Laparoscopic Hysterectomy

A laparoscopic hysterectomy is the removal of the uterus (womb) using minimally invasive, or ‘key-hole’, surgery through small abdominal incisions. It is an alternative to abdominal hysterectomy, where a larger transverse or vertical incision is made in the abdomen, but is not intended to replace vaginal hysterectomy if this is possible. It is intended to be an extended day case procedure meaning you will go home first thing the next day.

There are three different types of hysterectomy that can be performed laparoscopically:

  • Total Hysterectomy – removal of the womb and cervix
  • Total Hysterectomy and removal of the ovaries and fallopian tubes
  • Sub-Total Hysterectomy – removal of the ‘body’ of the womb leaving the cervix

How is the operation performed?
A small telescope is passed through a small incision in the abdomen (usually the belly button).  The abdomen is gently inflated with carbon dioxide to separate the tissues and allow space within the pelvis to operate.

Three further small incisions are made to allow instruments to be passed in to the abdomen to perform the operation.  These incisions are closed with dissolvable stitches and covered with a small waterproof plaster.

Advantages of Laparoscopic Hysterectomy over Abdominal Hysterectomy
By using keyhole surgery there is less post operative pain, less blood loss, fewer wound infections, less scarring, shorter hospital stay and quicker return to full normal activity

Injury to surrounding structures / organs
There is a small risk of accidental injury to the bowel, blood vessels, the bladder or the ureters (the tubes from the kidney to the bladder). The incidence of injury to the ureters is greater in laparoscopic hysterectomy than abdominal hysterectomy (1.1% v’s 0.2%). If such complications occur, a larger incision (laparotomy) may be required to do the necessary repair.
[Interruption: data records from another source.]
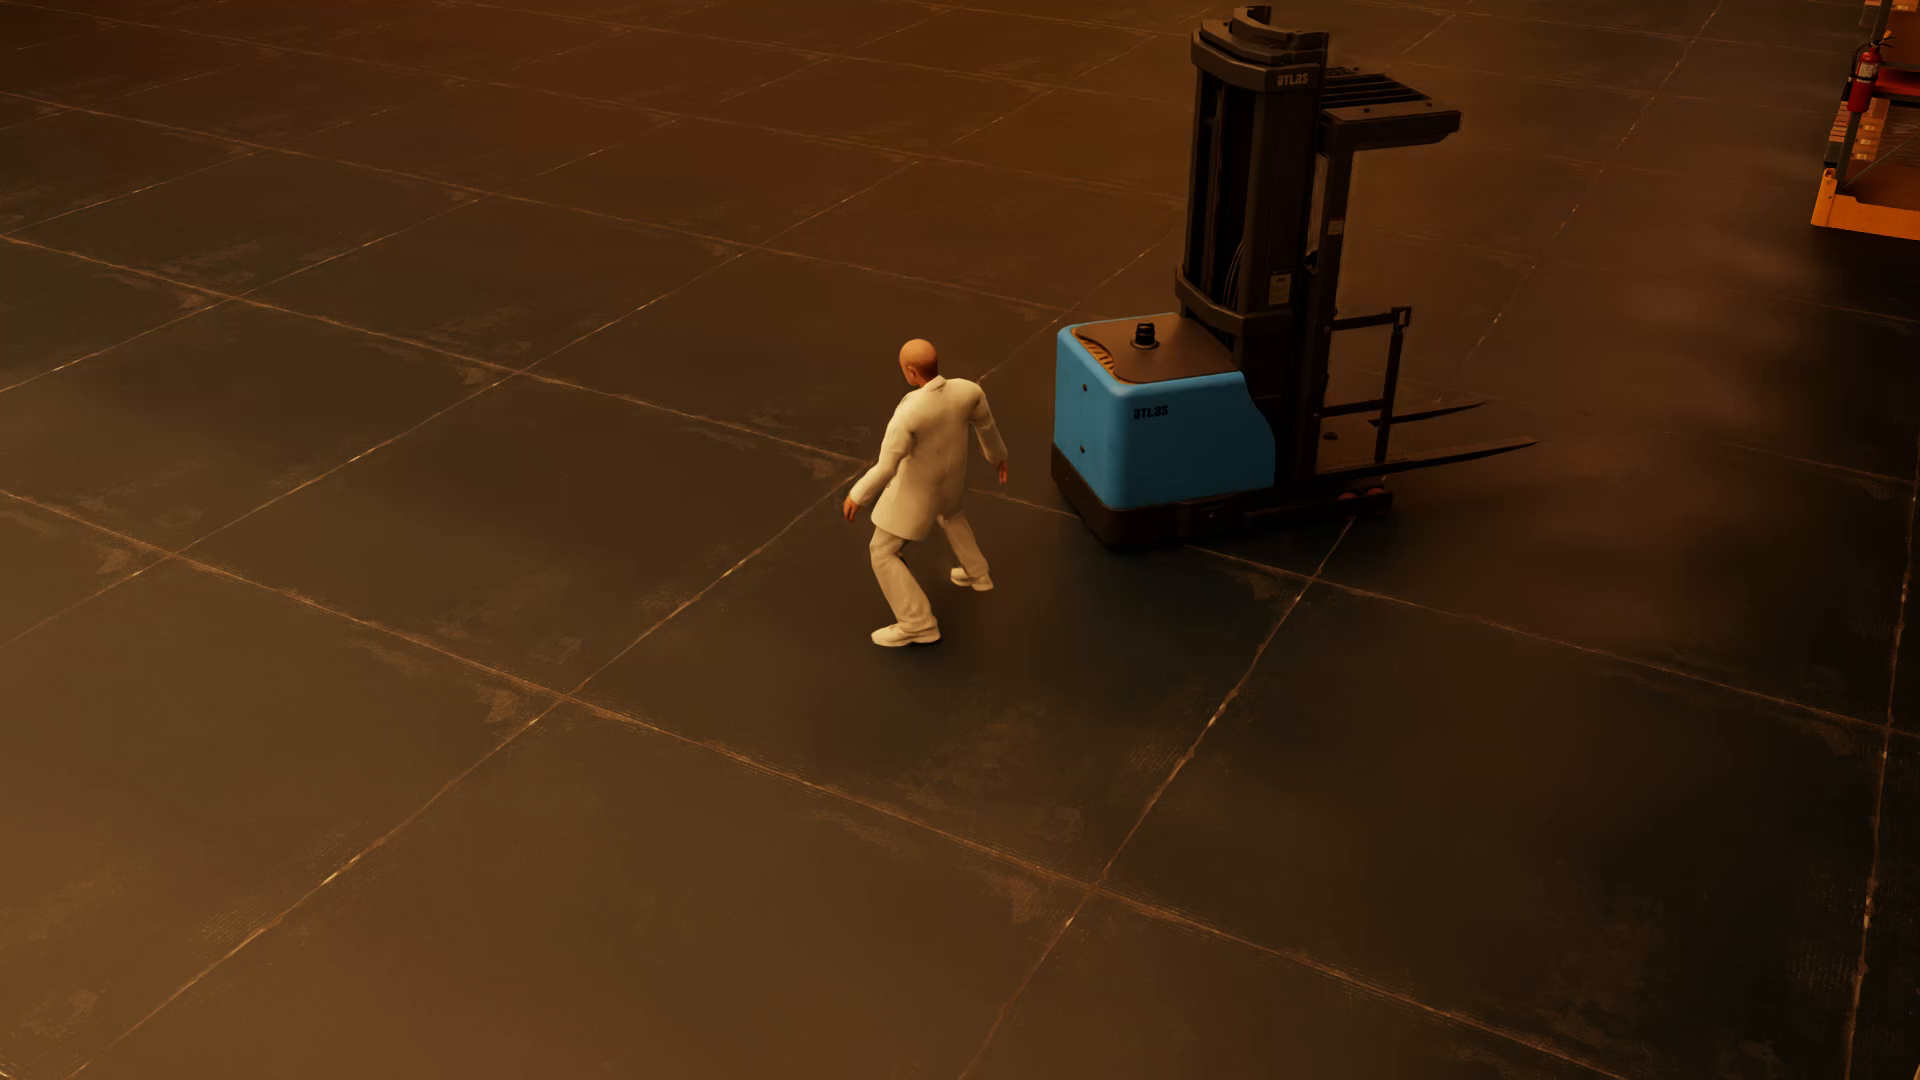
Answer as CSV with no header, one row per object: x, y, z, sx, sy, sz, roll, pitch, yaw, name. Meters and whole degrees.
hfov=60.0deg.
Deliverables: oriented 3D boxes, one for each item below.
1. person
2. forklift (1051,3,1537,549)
-0.160,-0.320,8.909,0.962,1.674,0.590,-20,36,-31,person
2.152,-1.635,9.904,3.031,2.935,1.130,-9,31,-15,forklift

All surgeons should be able to provide you with detailed information of their complication rates. Mr Carpenter’s complication rate for laparoscopic hysterectomy is shown in the table below.

Complication NICE Heavy menstrual bleeding guideline (Clinical Guideline 44 Jan 07) NICE Lap. techniques for hysterectomy  (Interven. Proc. Guid. 239  Nov 07) NICE Lap Hysterectomy for Endometrial Cancer (Interven. Proc. Guid. 356  Sept 10)


Mr Carpenter’s rate to Dec 2022 (As senior surgeon)
Abdo Hyst Vag Hyst Lap Hyst
Vascular Injury  












Intestinal injury  












Ureteric injury  






Bladder injury  












Bleeding requiring Transfusion  











Need to covert to laparotomy (not  sub total)  











Vesicovaginal fistula  








Combined vessel, bowel, ureter, bladder injury rate  













General Surgical Risks
As with all surgery there is a risk of infection, bleeding, deep vein thrombosis, pulmonary embolism (blood clot on the lung). Keyhole surgery, however, allows  early discharge  and more rapid return to normal activity with the aim to minimise these risks.

Alternative surgery
Abdominal hysterectomy is an alternative to laparoscopic hysterectomy.  This procedure requires a larger incision on your abdomen, longer hospital stay and a longer time to resume normal activities.

Specific post-operative care

  • From theatre you will be taken to the recovery room where staff will monitor your pulse, blood pressure, pain, sickness and wound sites.
  • You will have an intravenous drip in your arm and a catheter in the bladder.
  • If you experience some nausea (sickness) this can be controlled with medications.
  • Around half an hour later you will return to the ward.
  • On the ward you will receive regular pain killers and any anti-sickness medication you require
  • You will be able to drink and eat as you feel able and to gradually increase what you are able to tolerate.
  • Initially you may experience some shoulder tip discomfort, which is due to trapped gas from the operation.  This will settle as the gas is absorbed.  Gentle mobilisation may also help once you are able.
  • You may have some vaginal bleeding, so a sanitary pad will be provided.
  • At around 2200 on the evening of your operation (prior to you going to sleep) the drip will be taken down and the catheter removed.
  • You will need to inform the nursing staff each time you pass urine so this can be measured.
  • The following morning you should be ready for home so will need to ensure someone is able to collect you and be with you at home.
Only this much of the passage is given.